Coronary stents or bypass surgery? Although commonly used to treat acute heart attacks and narrowed arteries, stents—the scaffolds used to hold blood vessels open—can promote inflammation and scar tissue growth, causing vessels to constrict again.
The technique for inserting a stent—called percutaneous coronary intervention, or PCI—however, requires a much shorter hospital stay than traditional open-heart bypass surgery, with faster recovery times, and is much less likely to trigger strokes. Though stents are less risky for patients in the first month or so after the procedure, they are more risky—with a greater chance of heart attack and death—in the years following.
These observations stem from studies of older-generation stents, says Sripal Bangalore, MD, associate professor of medicine at NYU Langone, who points out that newer stents are designed to be more compatible with living tissue and less likely to cause clots, inflammation, and tissue growth.
In a study published recently in The New England Journal of Medicine, Dr. Bangalore and colleagues compared some of the newer-generation stents to bypass surgery. They found that stents coated with the drug everolimus, an inhibitor of inflammation and tissue growth, didn’t cause greater longer-term mortality than bypass surgery. Dr. Bangalore says that the findings about comparable mortality should make it easier for “patients and their physicians to choose more wisely between stents and bypass surgery.”
The analysis should make it easier for “patients and their physicians to choose more wisely between stents and bypass surgery," says interventional cardiologist Dr. Sripal Bangalore.
The study is based on observational data from the New York State cardiac registries. It compared outcomes of patients who had bypass surgery with those who had everolimus-coated stents implanted.
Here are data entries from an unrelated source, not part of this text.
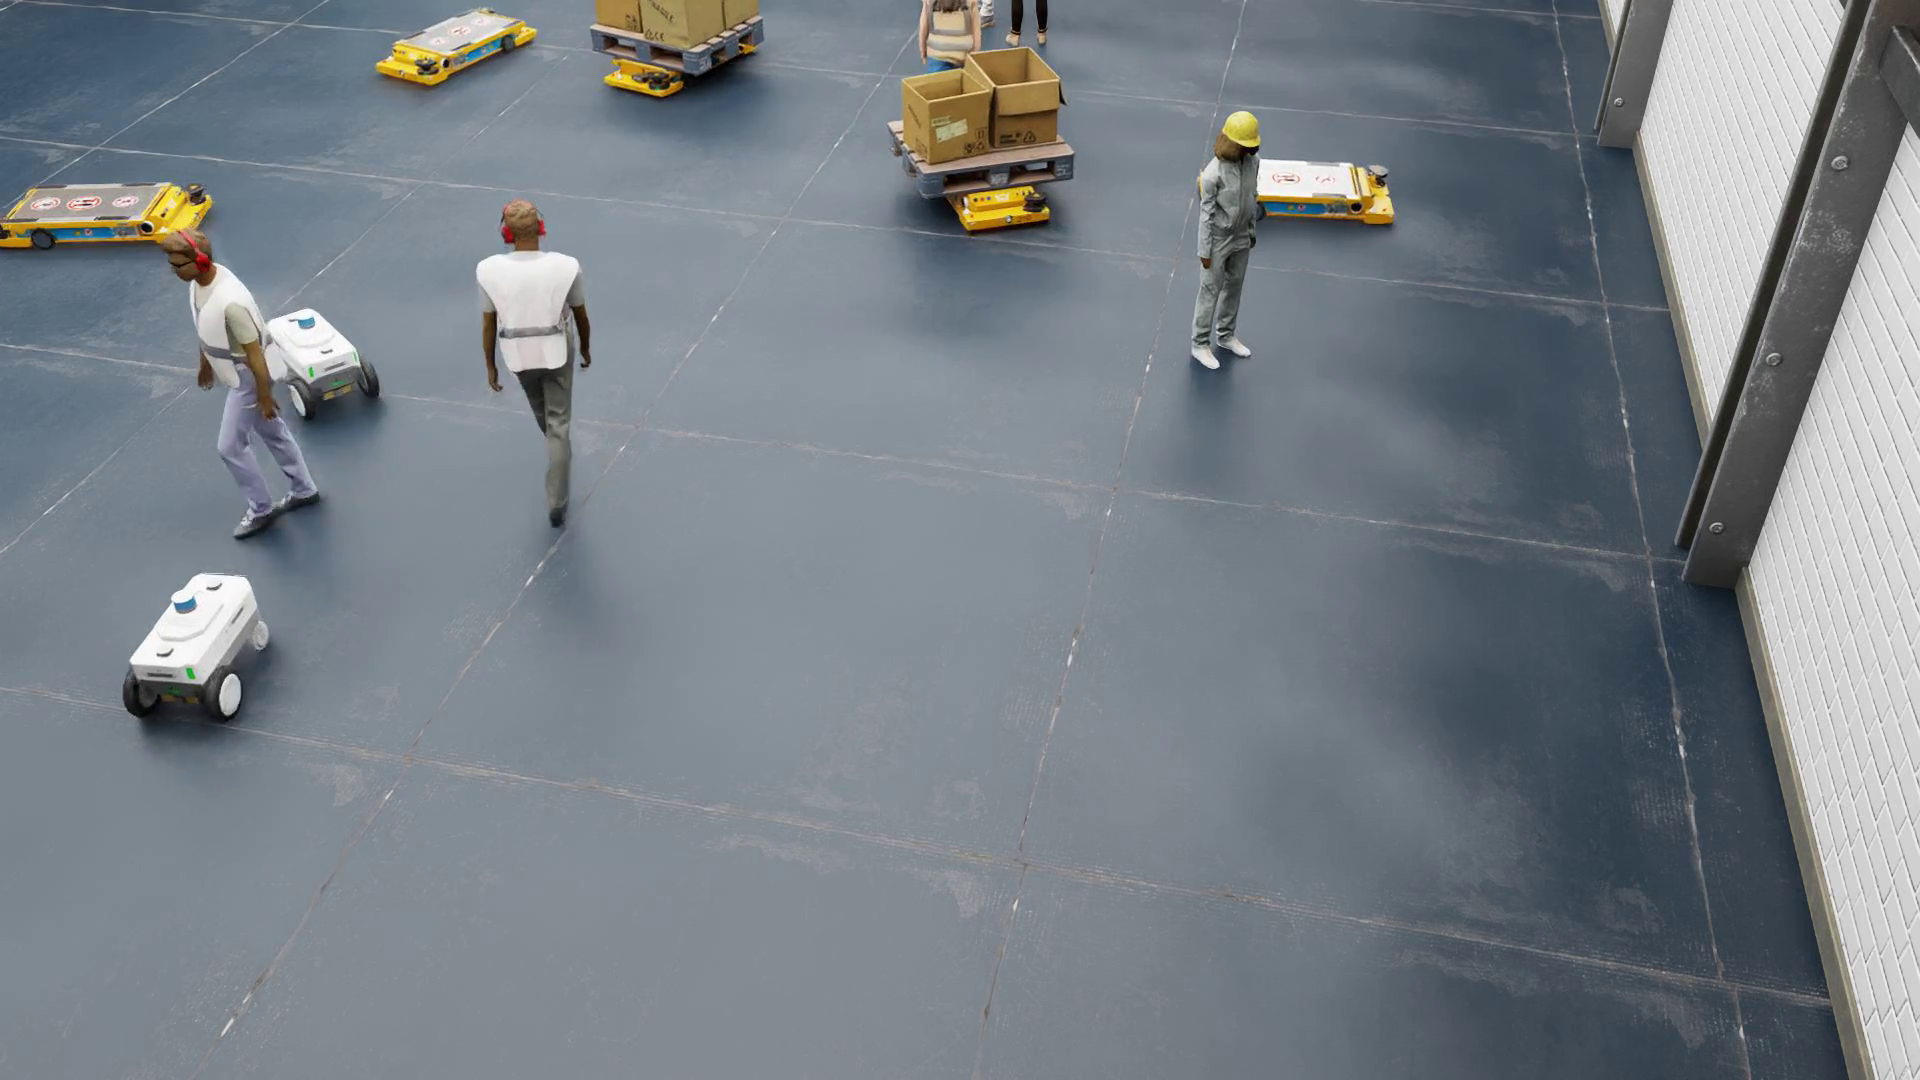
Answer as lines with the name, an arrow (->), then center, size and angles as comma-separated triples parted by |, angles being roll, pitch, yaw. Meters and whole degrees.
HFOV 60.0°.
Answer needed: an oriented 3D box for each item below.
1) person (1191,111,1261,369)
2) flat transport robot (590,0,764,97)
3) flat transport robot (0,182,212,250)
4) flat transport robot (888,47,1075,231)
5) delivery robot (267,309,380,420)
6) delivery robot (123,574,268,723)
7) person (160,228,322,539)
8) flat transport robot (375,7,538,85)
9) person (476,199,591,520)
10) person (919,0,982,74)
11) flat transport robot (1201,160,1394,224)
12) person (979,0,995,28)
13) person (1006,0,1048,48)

The stent group, as expected, fared better in the first 30 days with lower risk of death and stroke, but in contrast to earlier studies of older stents, the stent group didn’t fare worse in the longer term for death. In the long run, the numbers of deaths in the two groups were not significantly different. Patients in the stent group had about 50 percent more heart attacks during the period compared to the bypass group, but for those patients whose stents successfully opened all of their diseased arteries, there was no significant increase in heart attacks.
Although this latest study does not settle the question definitively because it is based on observational data and not on the gold standard of a double-blind clinical trial, Dr. Bangalore says “the decision between stenting and bypass surgery should be based on weighing the up-front risk of death and stroke with bypass surgery, with the long-term need for repeat procedures with stenting.”
The study was funded by Abbott Laboratories, which makes one of the two everolimus-coated stents now on the market.